The Salt Lake Temple is undergoing a seismic retrofit and other upgrades, part of a four-year renovation of the six-spired building and its surroundings. Millions of tourists visit Temple Square every year.

“The Salt Lake Temple ... is being shored up and strengthened to be able to stand for generations to come,” Andy Kirby, director of historic temple renovations, said in the release. “Each aspect of this project plays an important role in helping this sacred structure to remain a symbol of permanence, optimism, and faith for people around the world.”

In addition, crews will fix spire stones damaged in the March quake. They, too, will be reinstalled later.
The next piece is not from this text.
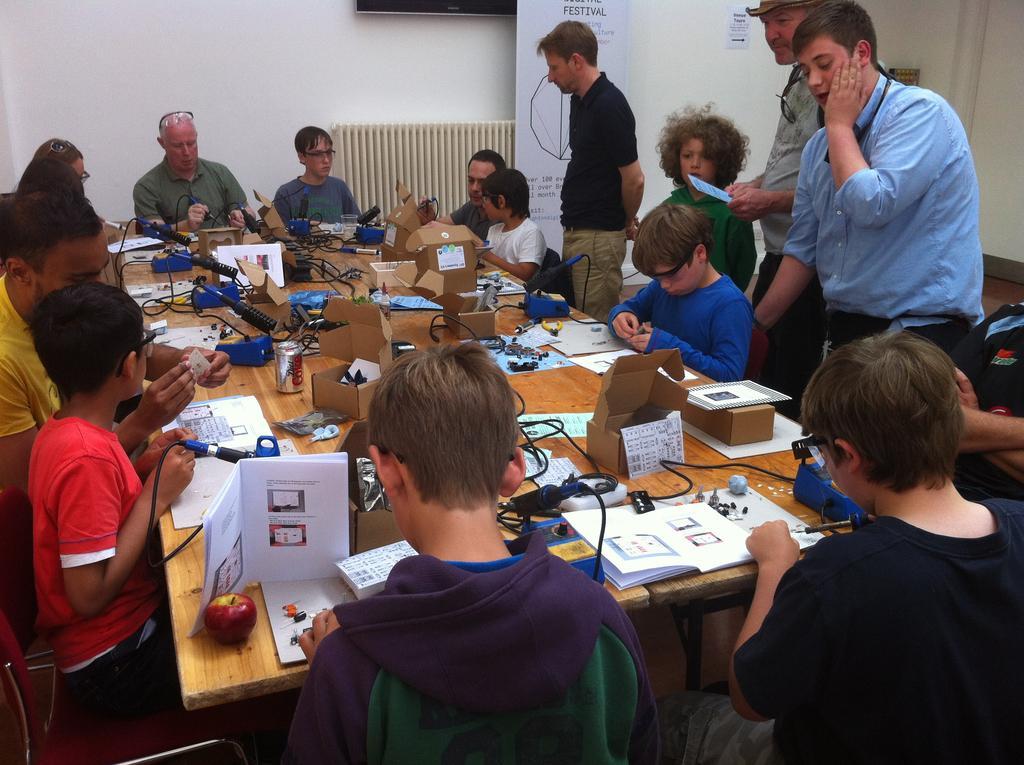Please provide a concise description of this image. In this Image I see number of people in which most of them are sitting on chairs and few of them are standing. I can also see there is a table in front of them on which there are many things. In the background I see the wall, a banner and a paper over here.

“The earthquake loosened some of those pieces [on top of the temple],” Paul Lawrence, the seismic project manager for Jacobsen Construction, explained in the release. “And in order to make the surrounding area safe, we’ve simply had to move those activities forward and take them off now instead of later."

The base isolation system will help the landmark temple withstand a magnitude 7.2 jolt, Lawrence said, by allowing the building to shift in an earthquake “up to 4 or 5 feet in any one direction."

(Francisco Kjolseth | The Salt Lake Tribune) People gather to get a closer look of the Angel Moroni statue after it was pulled from atop the Salt Lake Temple of The Church of Jesus Christ of Latter-day Saints on Monday, May 18, 2020. The temple closed in December for seismic upgrades and sustained minor damager during the March 18, 2020, magnitude 5.7 earthquake when the trumpet held by the angel fell off and several smaller spire stones were displaced.

Most of the LDS Church’s 160-plus temples across the globe have Angel Moroni statues. But more and more of its recently announced temples are being built without them. The planned Washington County Temple in St. George, for instance, will have a Moroni statue, renderings show, while the Tooele Valley one will not.

(Images courtesy of The Church of Jesus Christ of Latter-day Saints) Renderings the newly announced Washington County and Tooele Valley temples.

Latter-day Saints view temples as “Houses of the Lord,” edifices where the devout participate in the faith’s most sacred rites, including eternal marriage.

Most of these temples are closed right now due to the coronavirus pandemic, but dozens have slowly reopened for limited use.

— Tribune photographer Francisco Kjolseth contributed to this story.